──────── Given information

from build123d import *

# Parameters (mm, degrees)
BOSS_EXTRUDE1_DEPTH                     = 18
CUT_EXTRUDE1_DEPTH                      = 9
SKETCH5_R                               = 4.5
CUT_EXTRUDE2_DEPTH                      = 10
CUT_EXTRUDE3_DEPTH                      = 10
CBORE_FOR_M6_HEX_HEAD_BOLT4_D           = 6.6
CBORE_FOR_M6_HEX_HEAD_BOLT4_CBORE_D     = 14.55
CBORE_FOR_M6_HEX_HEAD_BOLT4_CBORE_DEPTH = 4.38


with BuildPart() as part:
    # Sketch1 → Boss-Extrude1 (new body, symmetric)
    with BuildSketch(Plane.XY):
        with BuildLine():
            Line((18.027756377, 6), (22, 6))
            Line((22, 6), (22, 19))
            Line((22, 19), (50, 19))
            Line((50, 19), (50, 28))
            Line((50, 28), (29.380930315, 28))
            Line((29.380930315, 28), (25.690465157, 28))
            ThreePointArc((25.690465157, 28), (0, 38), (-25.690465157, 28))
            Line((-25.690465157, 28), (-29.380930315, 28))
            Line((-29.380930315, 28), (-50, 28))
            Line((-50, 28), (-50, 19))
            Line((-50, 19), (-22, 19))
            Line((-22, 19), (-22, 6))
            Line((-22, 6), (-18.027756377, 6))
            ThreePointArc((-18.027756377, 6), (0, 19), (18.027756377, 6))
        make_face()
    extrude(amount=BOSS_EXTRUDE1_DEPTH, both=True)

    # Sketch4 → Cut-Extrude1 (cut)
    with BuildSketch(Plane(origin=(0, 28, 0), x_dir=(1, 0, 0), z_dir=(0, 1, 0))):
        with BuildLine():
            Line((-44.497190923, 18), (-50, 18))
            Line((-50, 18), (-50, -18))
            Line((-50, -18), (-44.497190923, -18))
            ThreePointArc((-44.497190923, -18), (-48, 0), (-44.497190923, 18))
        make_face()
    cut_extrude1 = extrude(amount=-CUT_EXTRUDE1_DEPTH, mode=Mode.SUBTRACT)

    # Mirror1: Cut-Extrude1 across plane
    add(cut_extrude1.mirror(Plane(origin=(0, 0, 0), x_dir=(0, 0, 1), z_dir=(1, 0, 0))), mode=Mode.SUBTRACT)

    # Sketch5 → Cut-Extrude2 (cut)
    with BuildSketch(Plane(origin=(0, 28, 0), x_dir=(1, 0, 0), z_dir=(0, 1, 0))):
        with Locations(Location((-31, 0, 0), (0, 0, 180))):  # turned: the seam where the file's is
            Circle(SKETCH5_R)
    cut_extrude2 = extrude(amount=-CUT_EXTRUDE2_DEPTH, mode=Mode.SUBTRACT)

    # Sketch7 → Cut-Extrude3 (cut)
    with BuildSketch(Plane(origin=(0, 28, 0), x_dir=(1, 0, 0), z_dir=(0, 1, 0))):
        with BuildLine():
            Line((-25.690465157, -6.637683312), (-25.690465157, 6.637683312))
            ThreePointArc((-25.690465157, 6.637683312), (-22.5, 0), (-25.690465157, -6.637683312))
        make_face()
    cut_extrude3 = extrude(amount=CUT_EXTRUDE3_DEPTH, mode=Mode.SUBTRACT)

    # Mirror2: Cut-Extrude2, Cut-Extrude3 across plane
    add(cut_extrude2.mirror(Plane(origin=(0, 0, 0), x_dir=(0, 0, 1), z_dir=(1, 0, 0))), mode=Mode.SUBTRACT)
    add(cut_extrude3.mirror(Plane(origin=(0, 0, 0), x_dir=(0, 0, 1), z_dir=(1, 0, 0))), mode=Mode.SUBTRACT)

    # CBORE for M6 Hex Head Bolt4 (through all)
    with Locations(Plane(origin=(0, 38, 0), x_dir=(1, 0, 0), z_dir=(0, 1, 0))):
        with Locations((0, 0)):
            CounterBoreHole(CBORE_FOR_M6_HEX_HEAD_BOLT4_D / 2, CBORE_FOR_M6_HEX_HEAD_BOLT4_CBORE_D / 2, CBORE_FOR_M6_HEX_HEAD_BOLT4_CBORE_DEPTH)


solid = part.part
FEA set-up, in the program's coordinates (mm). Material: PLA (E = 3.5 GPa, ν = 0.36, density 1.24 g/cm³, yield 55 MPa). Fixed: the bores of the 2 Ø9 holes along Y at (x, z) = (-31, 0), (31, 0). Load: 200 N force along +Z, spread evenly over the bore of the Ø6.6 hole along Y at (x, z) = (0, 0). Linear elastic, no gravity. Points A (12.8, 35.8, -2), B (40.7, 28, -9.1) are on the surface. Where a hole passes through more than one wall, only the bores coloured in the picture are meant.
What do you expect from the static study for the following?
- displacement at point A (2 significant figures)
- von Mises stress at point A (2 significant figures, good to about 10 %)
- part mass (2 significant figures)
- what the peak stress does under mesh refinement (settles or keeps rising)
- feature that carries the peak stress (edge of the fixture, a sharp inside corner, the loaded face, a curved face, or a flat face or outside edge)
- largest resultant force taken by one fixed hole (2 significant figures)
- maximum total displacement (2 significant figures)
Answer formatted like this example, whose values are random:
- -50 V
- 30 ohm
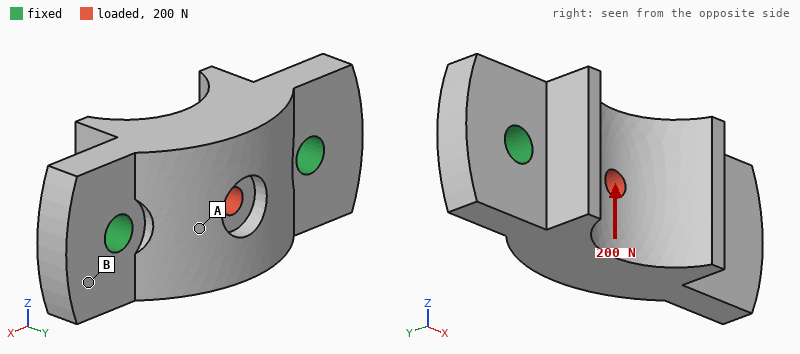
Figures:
- 8.8 µm
- 0.42 MPa
- 61 g
- keeps rising
- edge of the fixture
- 100 N
- 12 µm
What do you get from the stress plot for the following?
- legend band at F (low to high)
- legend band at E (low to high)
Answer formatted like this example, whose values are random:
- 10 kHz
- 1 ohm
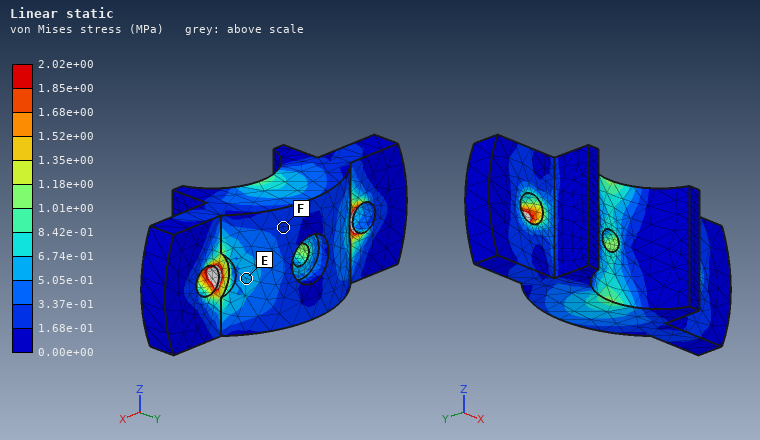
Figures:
- 1.68e-01 to 3.37e-01 MPa
- 5.05e-01 to 6.74e-01 MPa
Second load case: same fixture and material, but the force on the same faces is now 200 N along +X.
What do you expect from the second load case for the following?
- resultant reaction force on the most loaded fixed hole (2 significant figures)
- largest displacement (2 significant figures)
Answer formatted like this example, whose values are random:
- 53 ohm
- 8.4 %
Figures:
- 100 N
- 3.4 µm
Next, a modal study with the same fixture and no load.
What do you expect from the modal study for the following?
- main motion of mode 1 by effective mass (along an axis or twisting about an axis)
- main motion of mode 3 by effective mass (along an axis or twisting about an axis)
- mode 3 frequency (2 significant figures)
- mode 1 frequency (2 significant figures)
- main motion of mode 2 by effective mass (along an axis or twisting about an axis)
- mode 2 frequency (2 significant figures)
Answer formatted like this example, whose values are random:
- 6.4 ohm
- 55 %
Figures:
- twisting about X
- along Z
- 4900 Hz
- 3000 Hz
- along Y
- 3700 Hz

────────────────

Look through the entries and return each line that has the word "modal" in it.

Next, a modal study with the same fixture and no load.
What do you expect from the modal study for the following?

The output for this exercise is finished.